2/16/24 - Bipolar disorder is characterized by mood swings ranging from depressive lows to manic highs.




Bipolar disorder affects about 8 million people in the US and an estimated 40 million individuals worldwide. Symptoms of bipolar disorder typically start between age 15 to 25 years, often with an initial episode of depression.


What Are the Types of Bipolar Disorder?

Individuals with bipolar I disorder have at least 1 episode of mania, defined as an elevated or irritable mood lasting at least 1 week that may require hospitalization. Symptoms of mania include impulsivity, risk-taking behavior, restlessness, grandiosity, racing thoughts, decreased need for sleep, increased productivity, and impaired judgment.


Individuals with bipolar II disorder have hypomania (a milder form of mania) for at least 4 consecutive days along with a previous episode of depression.


How Is Bipolar Disorder Diagnosed?

Bipolar disorder is diagnosed in individuals who have episodes of depression and mania. Clinicians should ask all patients with depression about symptoms of mania, such as excessive energy, reduced need for sleep, increased sexuality, and elevated or irritable mood. Family members often can provide insight into their relative’s recent patterns of behavior and decision-making. It is important to identify individuals with bipolar disorder because early diagnosis and treatment often results in a better prognosis.
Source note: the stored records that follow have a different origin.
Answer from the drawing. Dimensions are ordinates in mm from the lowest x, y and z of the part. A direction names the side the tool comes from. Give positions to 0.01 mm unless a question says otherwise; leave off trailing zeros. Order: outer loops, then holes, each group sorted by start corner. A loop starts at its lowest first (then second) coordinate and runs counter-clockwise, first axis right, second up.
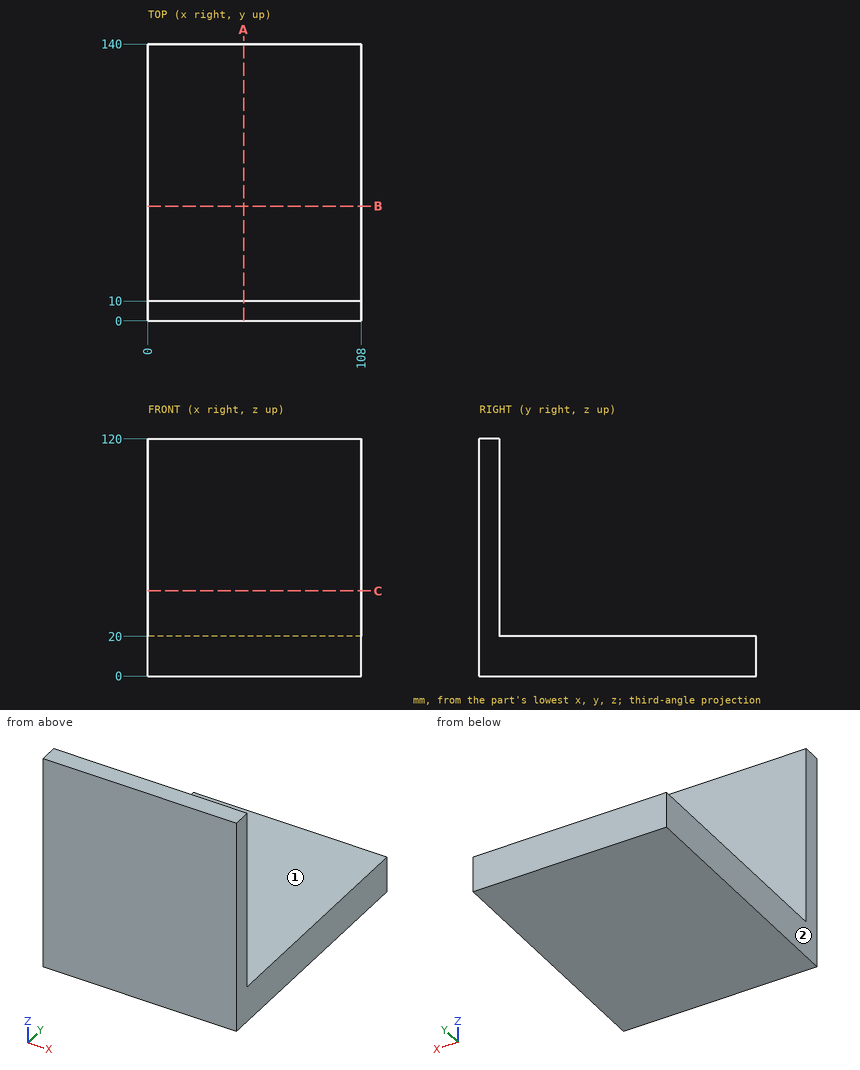
1) The part is cut by section B-B on y = 58. Determine the outline of the cut face in (x, z), and give its area (3 significant figures).
Final values:
outline: (0, 0) - (108, 0) - (108, 20) - (0, 20) - close
area: 2,160 mm2
2) Given pin 1 (1.5 mm diameter, centred on x = 53.5, y = 89.5, fed in from +Z), flat-ended and moving along its own axis, determine where the tip first touches the part or whether it passes through.
Final values:
pin 1: stops at z = 20
3) A tool of negligible diameter and unlimited length cuts with its end or side. For the marked faces 1 and 2, from which of +Z, -Z, +X, -X, +Y, -Y can it reach the whole face along a straight path? Write none if from no direction.
Final values:
face 1: +Z, +X, -X, +Y
face 2: +Z, -Z, -X, +Y, -Y
4) The part is cut by section A-A on x = 48.5. Determine the outline of the cut face in (y, z).
Final values:
outline: (0, 0) - (140, 0) - (140, 20) - (10, 20) - (10, 120) - (0, 120) - close
5) The part is cut by section C-C on z = 43. Determine the outline of the cut face in (x, y), and give its area (3 significant figures).
Final values:
outline: (0, 0) - (108, 0) - (108, 10) - (0, 10) - close
area: 1,080 mm2
6) Consider L1, parallel to Y at x = 24.5, z = 53; L2, parallel to Z at x = 22.5, y = 125. Determine where each line is inside the solid, lowest interval first.
Final values:
L1: y = 0 to 10
L2: z = 0 to 20

Approximately 70% of people with bipolar disorder also have an anxiety disorder and slightly more than half have a substance use disorder. Personality disorders affect about one-third of individuals with bipolar disorder and approximately 10% to 20% have attention-deficit/hyperactivity disorder.
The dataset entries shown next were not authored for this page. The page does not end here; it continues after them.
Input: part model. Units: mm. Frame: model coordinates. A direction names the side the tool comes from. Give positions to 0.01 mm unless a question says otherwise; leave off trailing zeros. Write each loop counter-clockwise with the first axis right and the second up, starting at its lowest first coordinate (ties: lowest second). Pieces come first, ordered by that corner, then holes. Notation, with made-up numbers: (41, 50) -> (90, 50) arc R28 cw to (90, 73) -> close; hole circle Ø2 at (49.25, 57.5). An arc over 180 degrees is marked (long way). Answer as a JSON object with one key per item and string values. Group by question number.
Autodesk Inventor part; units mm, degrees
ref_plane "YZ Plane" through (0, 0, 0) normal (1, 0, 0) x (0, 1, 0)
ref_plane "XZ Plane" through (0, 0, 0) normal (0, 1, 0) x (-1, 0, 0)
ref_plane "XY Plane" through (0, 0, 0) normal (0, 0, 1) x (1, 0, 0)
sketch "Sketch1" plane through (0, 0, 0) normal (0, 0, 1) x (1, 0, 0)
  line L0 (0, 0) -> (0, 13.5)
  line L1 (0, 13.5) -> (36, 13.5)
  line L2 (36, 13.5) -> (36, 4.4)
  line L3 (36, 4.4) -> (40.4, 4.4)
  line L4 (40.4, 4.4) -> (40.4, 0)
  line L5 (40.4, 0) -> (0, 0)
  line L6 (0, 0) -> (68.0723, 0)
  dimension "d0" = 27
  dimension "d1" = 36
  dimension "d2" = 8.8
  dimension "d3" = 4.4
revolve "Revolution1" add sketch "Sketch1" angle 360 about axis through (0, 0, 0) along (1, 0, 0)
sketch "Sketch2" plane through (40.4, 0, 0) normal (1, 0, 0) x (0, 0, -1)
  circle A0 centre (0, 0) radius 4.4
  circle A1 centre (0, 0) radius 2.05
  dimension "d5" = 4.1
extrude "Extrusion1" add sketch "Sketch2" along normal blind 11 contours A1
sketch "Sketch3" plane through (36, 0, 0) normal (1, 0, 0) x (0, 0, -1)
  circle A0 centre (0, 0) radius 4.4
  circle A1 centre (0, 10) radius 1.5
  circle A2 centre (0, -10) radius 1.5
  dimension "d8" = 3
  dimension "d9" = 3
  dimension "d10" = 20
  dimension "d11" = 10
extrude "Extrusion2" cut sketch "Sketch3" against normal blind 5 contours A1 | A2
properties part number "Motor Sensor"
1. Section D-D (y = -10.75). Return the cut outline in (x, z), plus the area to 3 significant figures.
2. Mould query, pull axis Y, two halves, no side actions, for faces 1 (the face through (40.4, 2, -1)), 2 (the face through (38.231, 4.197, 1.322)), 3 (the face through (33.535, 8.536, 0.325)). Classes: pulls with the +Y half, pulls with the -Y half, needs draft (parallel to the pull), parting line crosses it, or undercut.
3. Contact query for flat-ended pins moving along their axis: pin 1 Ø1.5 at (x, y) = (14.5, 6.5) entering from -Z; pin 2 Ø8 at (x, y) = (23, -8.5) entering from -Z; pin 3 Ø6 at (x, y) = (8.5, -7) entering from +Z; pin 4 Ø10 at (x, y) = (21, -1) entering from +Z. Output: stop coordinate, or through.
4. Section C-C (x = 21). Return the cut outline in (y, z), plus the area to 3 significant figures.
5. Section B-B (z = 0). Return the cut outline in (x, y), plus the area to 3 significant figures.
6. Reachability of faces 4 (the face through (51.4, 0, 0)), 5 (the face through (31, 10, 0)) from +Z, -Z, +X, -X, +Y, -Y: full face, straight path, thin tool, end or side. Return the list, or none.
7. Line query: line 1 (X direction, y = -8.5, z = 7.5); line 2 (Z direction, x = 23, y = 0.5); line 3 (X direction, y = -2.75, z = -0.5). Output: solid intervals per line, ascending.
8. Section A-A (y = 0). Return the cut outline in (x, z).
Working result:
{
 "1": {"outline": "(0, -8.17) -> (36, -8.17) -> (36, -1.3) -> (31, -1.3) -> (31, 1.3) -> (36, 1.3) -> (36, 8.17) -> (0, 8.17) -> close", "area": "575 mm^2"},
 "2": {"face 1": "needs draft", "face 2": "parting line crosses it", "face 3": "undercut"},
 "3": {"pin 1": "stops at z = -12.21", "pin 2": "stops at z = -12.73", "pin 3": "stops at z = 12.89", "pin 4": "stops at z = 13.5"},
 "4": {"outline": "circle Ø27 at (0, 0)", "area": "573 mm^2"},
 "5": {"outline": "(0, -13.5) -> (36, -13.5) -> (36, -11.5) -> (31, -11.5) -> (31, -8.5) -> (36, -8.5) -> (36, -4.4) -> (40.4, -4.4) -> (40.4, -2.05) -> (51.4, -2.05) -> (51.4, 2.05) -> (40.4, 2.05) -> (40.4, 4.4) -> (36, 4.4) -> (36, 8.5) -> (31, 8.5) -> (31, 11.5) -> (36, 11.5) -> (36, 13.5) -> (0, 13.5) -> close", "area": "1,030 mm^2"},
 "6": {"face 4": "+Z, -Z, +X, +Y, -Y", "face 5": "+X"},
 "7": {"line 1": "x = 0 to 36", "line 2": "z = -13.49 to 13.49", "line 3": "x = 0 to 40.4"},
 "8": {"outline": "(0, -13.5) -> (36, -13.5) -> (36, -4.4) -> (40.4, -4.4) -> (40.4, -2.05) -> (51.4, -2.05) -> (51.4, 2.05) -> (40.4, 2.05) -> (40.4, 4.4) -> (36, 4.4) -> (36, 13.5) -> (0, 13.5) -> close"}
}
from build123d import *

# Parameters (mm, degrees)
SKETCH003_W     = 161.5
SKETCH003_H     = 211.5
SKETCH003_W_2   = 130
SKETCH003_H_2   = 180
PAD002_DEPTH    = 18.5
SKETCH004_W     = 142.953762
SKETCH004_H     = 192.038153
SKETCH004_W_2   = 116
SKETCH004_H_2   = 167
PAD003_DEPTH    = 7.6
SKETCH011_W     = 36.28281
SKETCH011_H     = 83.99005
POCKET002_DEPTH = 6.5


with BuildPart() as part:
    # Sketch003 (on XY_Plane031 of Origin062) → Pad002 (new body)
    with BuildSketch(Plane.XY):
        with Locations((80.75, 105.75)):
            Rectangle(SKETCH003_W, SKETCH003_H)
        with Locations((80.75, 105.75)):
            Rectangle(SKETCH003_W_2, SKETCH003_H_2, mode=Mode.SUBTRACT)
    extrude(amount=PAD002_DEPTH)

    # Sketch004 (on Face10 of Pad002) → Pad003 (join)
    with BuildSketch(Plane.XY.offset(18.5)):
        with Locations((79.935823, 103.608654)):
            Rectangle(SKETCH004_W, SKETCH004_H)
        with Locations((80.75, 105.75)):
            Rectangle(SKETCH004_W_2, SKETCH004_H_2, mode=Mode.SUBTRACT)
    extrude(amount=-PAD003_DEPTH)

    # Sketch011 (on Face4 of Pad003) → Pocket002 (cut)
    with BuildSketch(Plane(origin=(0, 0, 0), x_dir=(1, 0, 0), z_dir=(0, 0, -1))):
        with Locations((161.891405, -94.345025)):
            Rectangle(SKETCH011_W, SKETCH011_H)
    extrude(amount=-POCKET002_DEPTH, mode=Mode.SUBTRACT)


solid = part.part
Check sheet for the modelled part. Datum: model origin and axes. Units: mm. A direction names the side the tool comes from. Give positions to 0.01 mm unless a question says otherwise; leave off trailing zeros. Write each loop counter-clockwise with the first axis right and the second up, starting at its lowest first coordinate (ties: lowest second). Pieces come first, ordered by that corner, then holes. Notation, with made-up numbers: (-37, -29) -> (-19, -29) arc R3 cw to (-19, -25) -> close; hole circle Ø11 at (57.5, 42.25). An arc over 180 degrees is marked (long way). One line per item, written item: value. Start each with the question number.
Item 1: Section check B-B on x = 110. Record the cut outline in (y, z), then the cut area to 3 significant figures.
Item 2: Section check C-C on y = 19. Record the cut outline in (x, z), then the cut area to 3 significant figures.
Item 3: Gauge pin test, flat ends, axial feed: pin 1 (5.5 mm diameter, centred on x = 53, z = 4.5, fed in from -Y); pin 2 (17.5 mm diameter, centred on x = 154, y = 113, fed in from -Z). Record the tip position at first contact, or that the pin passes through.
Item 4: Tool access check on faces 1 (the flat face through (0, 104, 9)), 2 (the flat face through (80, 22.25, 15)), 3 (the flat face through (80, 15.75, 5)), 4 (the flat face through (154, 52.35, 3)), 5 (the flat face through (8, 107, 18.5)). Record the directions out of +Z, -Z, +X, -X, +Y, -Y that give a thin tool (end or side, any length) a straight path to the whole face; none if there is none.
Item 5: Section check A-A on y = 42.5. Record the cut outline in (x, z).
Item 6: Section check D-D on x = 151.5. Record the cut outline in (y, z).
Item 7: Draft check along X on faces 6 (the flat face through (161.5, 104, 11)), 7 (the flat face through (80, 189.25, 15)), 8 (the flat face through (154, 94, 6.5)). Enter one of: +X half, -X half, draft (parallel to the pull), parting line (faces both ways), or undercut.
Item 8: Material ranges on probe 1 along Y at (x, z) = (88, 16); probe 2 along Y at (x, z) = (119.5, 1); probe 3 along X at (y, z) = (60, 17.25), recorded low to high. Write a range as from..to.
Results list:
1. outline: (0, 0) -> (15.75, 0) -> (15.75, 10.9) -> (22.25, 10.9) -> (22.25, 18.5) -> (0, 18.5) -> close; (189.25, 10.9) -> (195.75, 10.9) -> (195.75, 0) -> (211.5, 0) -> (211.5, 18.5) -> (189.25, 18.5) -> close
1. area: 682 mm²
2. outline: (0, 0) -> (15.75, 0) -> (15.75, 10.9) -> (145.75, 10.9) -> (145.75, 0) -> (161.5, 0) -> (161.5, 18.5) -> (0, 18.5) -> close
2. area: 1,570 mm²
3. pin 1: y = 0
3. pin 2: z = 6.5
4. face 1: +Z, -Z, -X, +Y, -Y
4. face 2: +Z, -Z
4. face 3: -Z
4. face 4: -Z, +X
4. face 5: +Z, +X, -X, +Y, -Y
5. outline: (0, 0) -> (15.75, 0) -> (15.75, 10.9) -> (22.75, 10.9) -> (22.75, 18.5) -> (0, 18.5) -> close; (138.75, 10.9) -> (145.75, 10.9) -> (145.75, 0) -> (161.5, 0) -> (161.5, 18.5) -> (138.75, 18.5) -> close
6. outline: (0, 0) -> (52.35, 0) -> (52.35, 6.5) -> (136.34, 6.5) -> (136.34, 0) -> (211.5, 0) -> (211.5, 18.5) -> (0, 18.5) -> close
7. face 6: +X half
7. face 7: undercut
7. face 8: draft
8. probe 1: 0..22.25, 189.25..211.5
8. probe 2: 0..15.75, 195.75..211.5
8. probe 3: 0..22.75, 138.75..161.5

How Is Bipolar Disorder Treated?

Medication is the mainstay of treatment for bipolar disorder. Most people with bipolar disorder need lifelong treatment to decrease manic or depressive symptoms, reduce relapses, and improve functioning and quality of life. Treatment should be tailored to a patient’s symptoms, presence of other mental health conditions, prior response to treatment, and personal preferences. Treatment for bipolar disorder typically includes 1 or more of the following:


  • Mood stabilizers such as lithium, valproate, and lamotrigine

  • Atypical antipsychotic drugs such as quetiapine, aripiprazole, and cariprazine

  • Psychotherapy to reduce relapses and symptoms, lower hospitalization rates, and improve medication adherence

  • Inpatient care if a patient’s judgment is severely impaired during a manic episode

  • Electroconvulsive therapy, which delivers electrical shocks to the brain under anesthesia, for patients with severe bipolar depression who do not improve with conventional treatments


Life Expectancy of Individuals With Bipolar Disorder

Individuals with bipolar disorder have a life expectancy that is 12 to 14 years shorter than the general population, primarily due to an increased risk of suicide and heart disease. Bipolar disorder is associated with metabolic syndrome (high blood pressure, high blood glucose, excess body fat around the waist, and abnormal cholesterol levels), obesity, cigarette smoking, and type 2 diabetes.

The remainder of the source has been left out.